Hajra, however, added that the impact of a suboptimal monsoon on inflation can be substantial as food products account for nearly 50 per cent of the retail inflation basket.
"Suboptimal monsoon can result in inflation being 1-1.5 per cent higher than earlier expected for the full year. Supply-sided measures by the government including restrictions on food product exports and import of food products can mitigate part of the upward pressure on inflation," said Hajra.
Aditi Nayar, Chief Economist and Head of Research and Outreach at ICRA said if the rains remain below average in the next four weeks, they could lower kharif yields and also affect the area sown under rabi crops. This would infuse caution into rural sentiment ahead of the festive season, dampening the economic growth prospects in the next two to three quarters.
Dipti Deshpande, Principal Economist at CRISIL agrees that a weak monsoon is adding risk to the already-elevated food inflation.
Deshpande underscored that wheat, rice, pulses and coarse cereals have sustained double-digit inflation in recent months. Some hit to production in the previous year, weather anomalies in the current monsoon season and global shortages are all adding upside risks to food prices, said Deshpande, adding that most of these crops that are facing high food inflation are majorly produced in the kharif season between June and October.
"With rains turning deficit at the all-India level and deficit increasing in some of the major kharif-producing states of Jharkhand, Bihar, and Karnataka, sowing for pulses and oilseeds for instance, has taken a hit. All this adds to the inflationary pressures for this fiscal. Rural demand, which is still catching up after the pandemic hit, already faces headwinds from stagnating wages and high food inflation. If weak rains yield a lower output, some dent to agriculture incomes and hence rural demand is inevitable," said Deshpande.
In case of a spike in inflation due to poor monsoon, can the RBI go back to hiking rates? Experts do not think so.
"For the near term, we see headline inflation below 6 per cent by October and expect it to average 5.4 per cent in the year, with the second half (H2) of FY24, undershooting RBI's estimates. We do not see any policy urgency in RBI to hike even though they are likely to stay cautious and vigilant," said Madhavi Arora, Lead Economist at Emkay Global Financial Services.
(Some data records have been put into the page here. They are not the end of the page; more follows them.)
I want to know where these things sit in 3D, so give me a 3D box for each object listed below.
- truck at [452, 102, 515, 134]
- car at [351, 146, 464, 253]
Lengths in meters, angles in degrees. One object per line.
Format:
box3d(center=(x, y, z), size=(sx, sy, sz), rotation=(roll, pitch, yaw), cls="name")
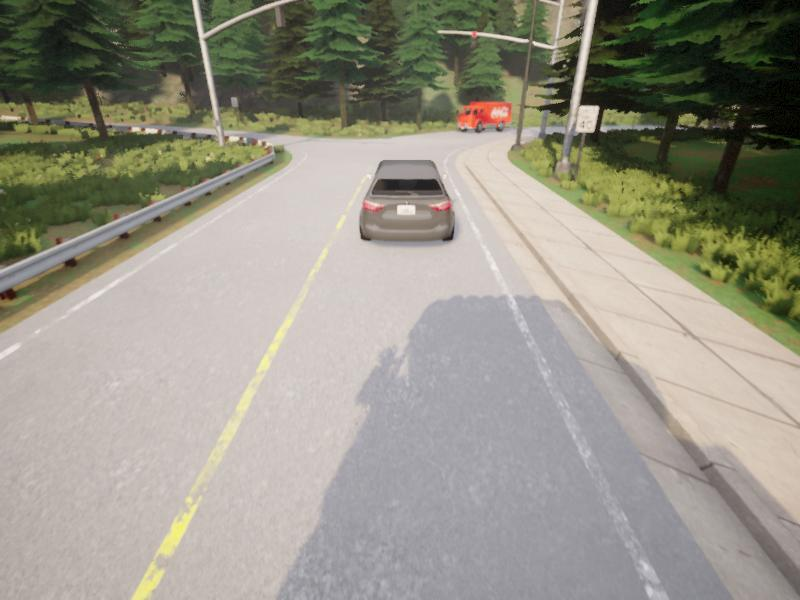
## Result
box3d(center=(7.561, -16.636, 36.399), size=(5.204, 2.467, 2.627), rotation=(-20, 33, -33), cls="truck")
box3d(center=(0.178, -2.815, 10.308), size=(2.242, 1.667, 4.611), rotation=(0, 27, 1), cls="car")
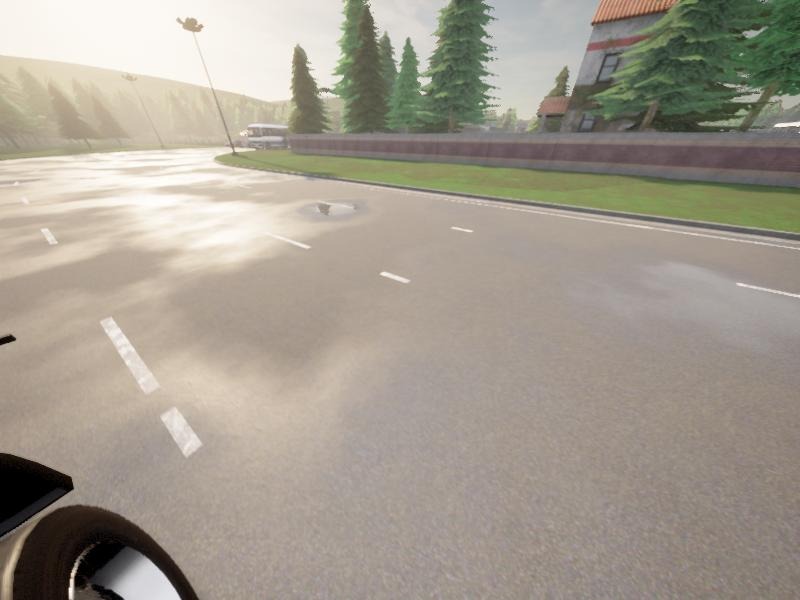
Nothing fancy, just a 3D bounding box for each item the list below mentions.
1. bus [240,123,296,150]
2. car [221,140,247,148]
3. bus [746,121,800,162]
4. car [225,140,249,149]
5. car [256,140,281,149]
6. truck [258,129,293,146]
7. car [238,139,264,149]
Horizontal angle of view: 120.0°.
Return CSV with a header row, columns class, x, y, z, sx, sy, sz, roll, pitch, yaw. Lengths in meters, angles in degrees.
class,x,y,z,sx,sy,sz,roll,pitch,yaw
bus,-27.218,-34.319,48.667,3.944,4.253,10.273,7,36,9
car,-39.917,-37.600,55.620,2.163,1.488,4.792,9,36,12
bus,53.651,-21.536,31.296,3.944,4.253,10.273,23,41,30
car,-37.147,-35.596,52.795,1.816,1.474,4.193,7,36,9
car,-29.941,-35.659,52.903,1.801,1.575,5.366,9,36,12
truck,-35.288,-46.302,65.971,2.891,3.827,8.468,13,37,17
car,-33.683,-35.354,52.344,2.033,1.649,4.856,7,36,9
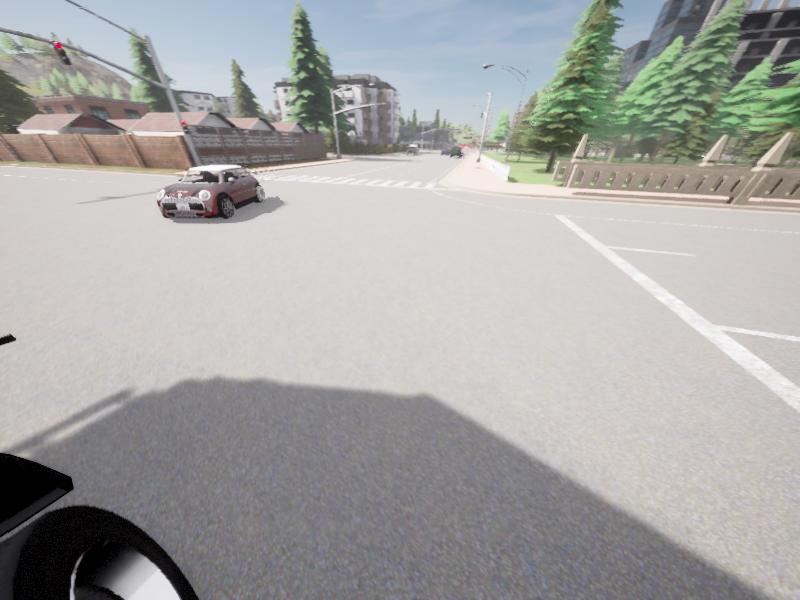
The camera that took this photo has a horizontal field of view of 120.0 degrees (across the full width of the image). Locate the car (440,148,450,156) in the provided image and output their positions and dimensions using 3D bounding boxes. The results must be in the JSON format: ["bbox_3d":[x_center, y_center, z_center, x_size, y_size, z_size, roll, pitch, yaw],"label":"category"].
[{"bbox_3d":[11.073,-36.113,56.325,1.789,1.549,3.705,10,35,13],"label":"car"}]

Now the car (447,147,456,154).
[{"bbox_3d":[14.829,-43.235,66.913,1.801,1.575,5.366,10,35,13],"label":"car"}]

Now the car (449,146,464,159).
[{"bbox_3d":[11.712,-30.560,47.710,2.150,2.045,5.566,10,35,13],"label":"car"}]

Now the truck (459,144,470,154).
[{"bbox_3d":[19.467,-45.416,69.467,2.627,2.467,5.204,10,35,13],"label":"truck"}]

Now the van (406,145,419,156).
[{"bbox_3d":[2.934,-34.810,53.742,2.069,2.038,4.480,10,35,13],"label":"van"}]

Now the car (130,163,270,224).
[{"bbox_3d":[-6.995,-4.196,8.799,1.970,1.475,3.806,0,34,-2],"label":"car"}]

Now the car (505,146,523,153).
[{"bbox_3d":[41.582,-54.809,84.316,5.566,2.045,2.150,9,35,12],"label":"car"}]

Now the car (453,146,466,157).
[{"bbox_3d":[13.769,-34.465,53.529,2.150,2.045,5.566,10,35,13],"label":"car"}]
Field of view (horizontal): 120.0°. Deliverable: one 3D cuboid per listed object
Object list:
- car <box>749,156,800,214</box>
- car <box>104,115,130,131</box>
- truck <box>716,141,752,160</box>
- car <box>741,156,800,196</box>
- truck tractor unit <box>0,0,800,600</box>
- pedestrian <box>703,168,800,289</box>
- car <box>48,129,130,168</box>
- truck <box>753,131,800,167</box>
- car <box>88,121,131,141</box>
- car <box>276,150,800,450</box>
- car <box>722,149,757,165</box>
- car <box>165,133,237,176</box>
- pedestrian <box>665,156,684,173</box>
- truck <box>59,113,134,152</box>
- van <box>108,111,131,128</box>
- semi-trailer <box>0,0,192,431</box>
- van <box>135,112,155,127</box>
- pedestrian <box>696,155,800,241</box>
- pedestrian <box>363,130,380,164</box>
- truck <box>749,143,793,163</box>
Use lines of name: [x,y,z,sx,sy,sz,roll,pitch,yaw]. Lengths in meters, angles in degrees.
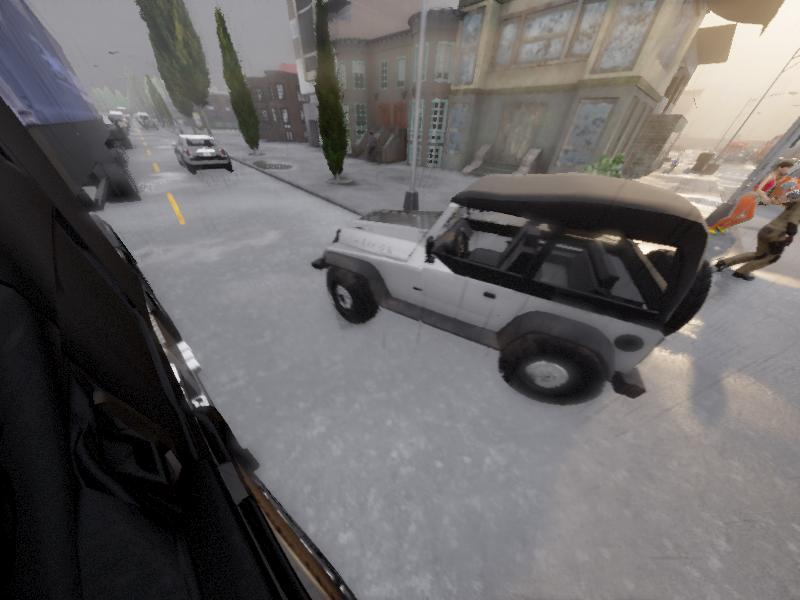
car: [17.896,-5.051,10.086,4.553,1.767,2.097,-27,46,-34]
car: [-45.941,-28.809,37.652,1.932,1.855,4.605,-27,45,-34]
truck: [60.423,-27.167,41.884,5.204,2.467,2.627,-27,46,-34]
car: [22.956,-7.581,13.958,3.988,1.617,1.851,-27,46,-34]
truck tractor unit: [-2.645,-0.295,0.352,6.516,4.208,3.053,28,44,30]
pedestrian: [6.862,-1.263,4.203,0.751,1.860,0.751,29,44,31]
car: [-16.608,-8.360,12.621,1.994,1.385,4.181,-27,46,-34]
truck: [54.877,-21.604,32.948,8.468,3.827,2.891,-27,46,-34]
car: [-29.705,-17.456,23.820,2.128,1.511,4.902,-27,46,-34]
car: [0.900,-0.516,2.831,3.866,1.878,1.905,19,40,21]
car: [47.034,-19.921,32.102,4.974,1.542,2.038,-27,46,-34]
car: [-10.360,-7.665,12.007,1.970,1.475,3.806,-27,46,-34]
pedestrian: [22.051,-10.902,18.552,0.500,1.100,0.500,-28,46,-34]
truck: [-22.650,-12.832,17.598,2.390,2.098,6.274,-27,46,-34]
van: [-58.070,-37.471,47.856,1.988,2.561,5.915,-27,46,-34]
semi-trailer: [-8.232,-3.888,4.634,2.717,4.402,14.254,-28,47,-35]
van: [-58.770,-41.520,53.228,1.988,2.561,5.915,-27,46,-34]
pedestrian: [9.036,-2.585,5.941,0.751,1.860,0.751,-14,40,-21]
pedestrian: [-1.929,-10.450,15.772,0.751,1.860,0.751,31,45,33]
truck: [62.400,-24.945,39.040,5.204,2.467,2.627,-27,46,-34]
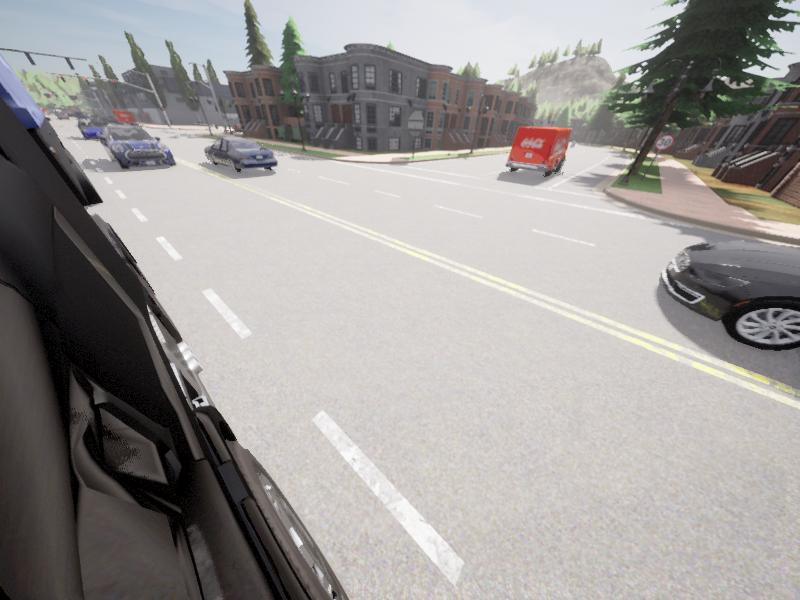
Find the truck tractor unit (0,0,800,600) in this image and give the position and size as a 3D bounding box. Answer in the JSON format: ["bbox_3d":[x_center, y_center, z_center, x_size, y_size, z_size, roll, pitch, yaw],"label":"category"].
[{"bbox_3d":[-2.645,-0.295,0.351,6.516,4.208,3.053,28,44,30],"label":"truck tractor unit"}]

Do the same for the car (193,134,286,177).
[{"bbox_3d":[-8.677,-7.869,12.388,5.357,1.411,2.033,28,44,30],"label":"car"}]

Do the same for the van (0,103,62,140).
[{"bbox_3d":[-33.985,-16.412,21.204,6.366,2.431,2.351,28,44,30],"label":"van"}]

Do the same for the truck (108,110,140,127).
[{"bbox_3d":[-53.766,-35.322,45.007,5.204,2.467,2.627,28,44,30],"label":"truck"}]

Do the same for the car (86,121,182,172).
[{"bbox_3d":[-13.609,-7.935,11.813,4.553,1.767,2.097,28,44,30],"label":"car"}]

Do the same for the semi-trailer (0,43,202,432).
[{"bbox_3d":[-8.692,-3.621,4.217,14.254,4.402,2.717,28,44,30],"label":"semi-trailer"}]

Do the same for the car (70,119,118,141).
[{"bbox_3d":[-29.135,-16.181,21.972,4.514,1.525,2.007,28,44,30],"label":"car"}]

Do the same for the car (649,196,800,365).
[{"bbox_3d":[6.461,0.234,2.531,4.892,1.490,1.837,28,43,30],"label":"car"}]

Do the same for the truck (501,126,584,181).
[{"bbox_3d":[9.222,-9.599,14.936,2.627,2.467,5.204,30,45,31],"label":"truck"}]
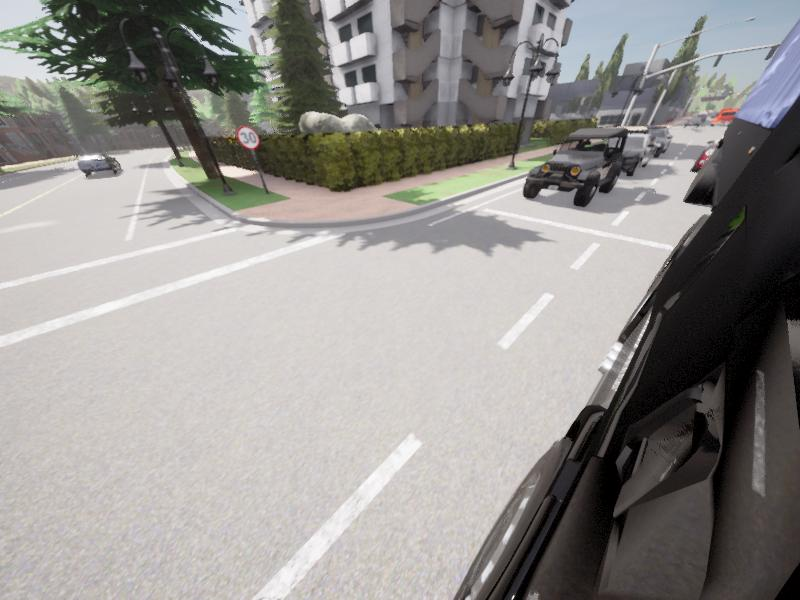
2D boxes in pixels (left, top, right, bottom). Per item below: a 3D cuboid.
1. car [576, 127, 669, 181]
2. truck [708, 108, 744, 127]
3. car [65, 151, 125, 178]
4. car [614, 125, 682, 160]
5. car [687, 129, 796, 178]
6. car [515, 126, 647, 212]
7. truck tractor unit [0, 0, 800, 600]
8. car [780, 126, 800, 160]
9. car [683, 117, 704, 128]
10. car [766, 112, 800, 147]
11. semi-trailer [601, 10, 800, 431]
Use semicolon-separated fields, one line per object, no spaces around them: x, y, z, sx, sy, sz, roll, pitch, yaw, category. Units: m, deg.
10.807;-7.199;11.170;5.238;1.638;1.930;-31;45;-32;car
56.690;-31.794;40.243;5.204;2.467;2.627;-31;45;-32;truck
-24.596;-11.170;18.881;2.033;1.411;5.357;-29;44;-30;car
16.458;-10.494;15.282;4.974;1.542;2.038;-31;45;-32;car
14.766;-6.574;10.221;3.806;1.475;1.970;-30;45;-32;car
5.989;-4.521;7.709;3.866;1.878;1.905;-29;44;-30;car
2.645;-0.295;0.351;6.516;4.208;3.053;-28;44;-30;truck tractor unit
23.285;-8.803;12.550;5.366;1.575;1.801;-31;45;-32;car
53.213;-32.190;41.851;4.674;1.442;1.812;-31;45;-32;car
29.042;-12.328;16.621;4.605;1.855;1.932;-31;45;-32;car
8.540;-3.714;4.368;14.254;4.402;2.717;-30;45;-31;semi-trailer
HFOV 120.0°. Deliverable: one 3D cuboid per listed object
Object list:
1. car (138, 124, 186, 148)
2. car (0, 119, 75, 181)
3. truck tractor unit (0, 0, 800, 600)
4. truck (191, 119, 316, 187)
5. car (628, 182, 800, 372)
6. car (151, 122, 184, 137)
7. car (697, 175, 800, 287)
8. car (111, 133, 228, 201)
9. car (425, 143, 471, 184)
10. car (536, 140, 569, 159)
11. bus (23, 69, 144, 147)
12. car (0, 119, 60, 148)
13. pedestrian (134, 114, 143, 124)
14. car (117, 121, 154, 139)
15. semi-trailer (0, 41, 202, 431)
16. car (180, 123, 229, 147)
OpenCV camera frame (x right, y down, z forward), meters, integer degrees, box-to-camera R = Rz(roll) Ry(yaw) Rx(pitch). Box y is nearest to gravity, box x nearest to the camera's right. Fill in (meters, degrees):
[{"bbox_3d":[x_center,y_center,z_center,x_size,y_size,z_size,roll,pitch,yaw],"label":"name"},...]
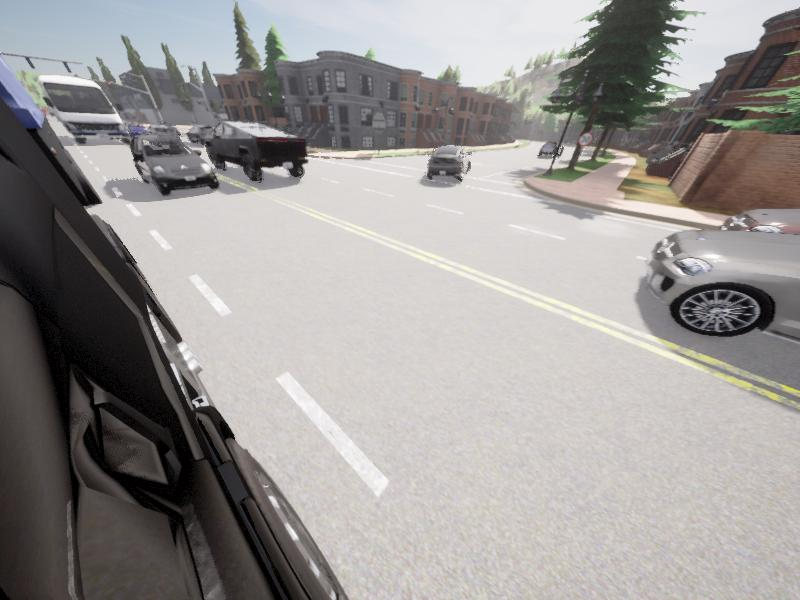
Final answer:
[{"bbox_3d":[-20.876,-14.384,20.249,4.193,1.474,1.816,28,43,30],"label":"car"},{"bbox_3d":[-15.917,-6.376,9.641,4.605,1.855,1.932,27,43,31],"label":"car"},{"bbox_3d":[-2.645,-0.295,0.352,6.516,4.208,3.053,28,44,30],"label":"truck tractor unit"},{"bbox_3d":[-7.136,-7.286,11.176,6.274,2.098,2.390,28,44,30],"label":"truck"},{"bbox_3d":[6.290,0.098,2.620,5.027,1.651,2.152,28,44,30],"label":"car"},{"bbox_3d":[-30.062,-22.036,29.854,4.193,1.474,1.816,28,43,30],"label":"car"},{"bbox_3d":[9.647,-0.841,4.106,5.027,1.651,2.152,28,44,30],"label":"car"},{"bbox_3d":[-8.475,-5.063,8.523,3.988,1.617,1.851,28,44,30],"label":"car"},{"bbox_3d":[2.884,-7.988,13.289,1.837,1.490,4.892,10,38,14],"label":"car"},{"bbox_3d":[18.764,-18.581,28.391,2.033,1.649,4.856,29,44,30],"label":"car"},{"bbox_3d":[-27.444,-16.401,20.177,10.273,4.253,3.944,28,44,30],"label":"bus"},{"bbox_3d":[-26.821,-12.119,16.766,3.633,1.501,1.845,28,44,30],"label":"car"},{"bbox_3d":[-67.761,-46.881,59.882,0.751,1.860,0.751,25,42,26],"label":"pedestrian"},{"bbox_3d":[-29.804,-19.163,26.028,4.193,1.474,1.816,28,43,30],"label":"car"},{"bbox_3d":[-8.699,-3.614,4.214,14.254,4.402,2.717,28,44,30],"label":"semi-trailer"},{"bbox_3d":[-19.375,-16.378,22.895,4.856,1.649,2.033,29,44,29],"label":"car"}]
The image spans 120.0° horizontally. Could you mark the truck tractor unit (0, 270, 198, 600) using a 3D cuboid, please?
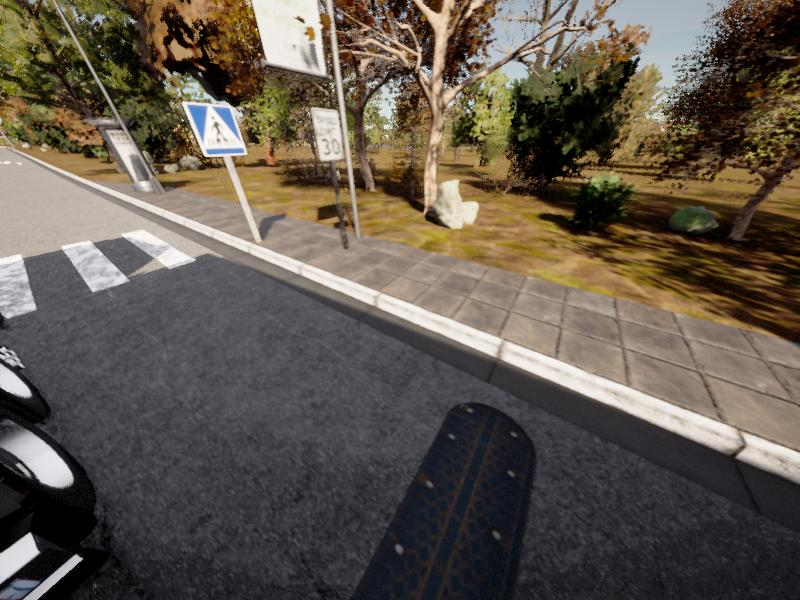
[{"bbox_3d":[-5.119,-0.293,0.764,6.516,4.208,3.053,18,39,24],"label":"truck tractor unit"}]
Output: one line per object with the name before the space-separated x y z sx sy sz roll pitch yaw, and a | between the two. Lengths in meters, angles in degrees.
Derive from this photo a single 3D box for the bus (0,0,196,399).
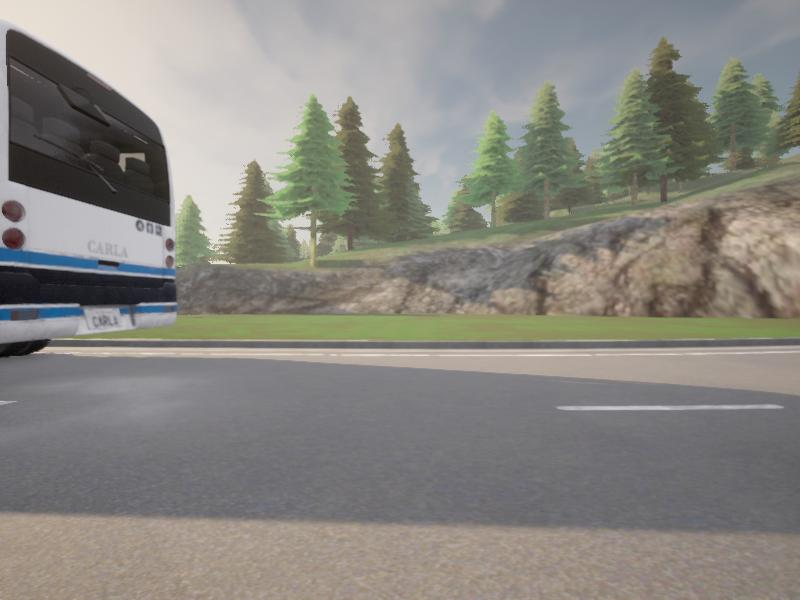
bus | -9.069 -1.128 5.810 10.273 4.253 3.944 0 0 3
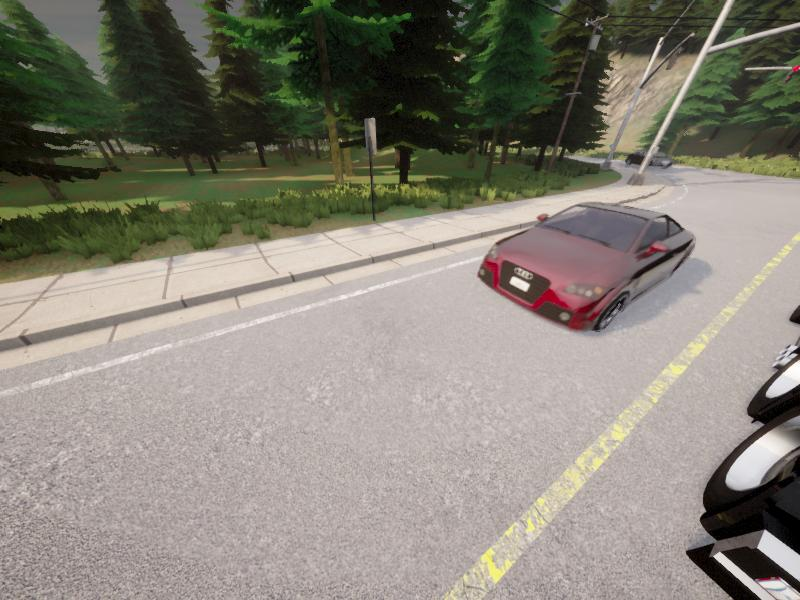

Arora believes while perishable inflation will ease materially ahead, led by vegetables mean reversion, and structural uptrends in cereals, pulses and even spices inflation in the food category needs monitoring.
"An adequate and sustainable supply-side response to these will be key to inflation management ahead in an era of weather vagaries and disruption will become more rampant," Arora said.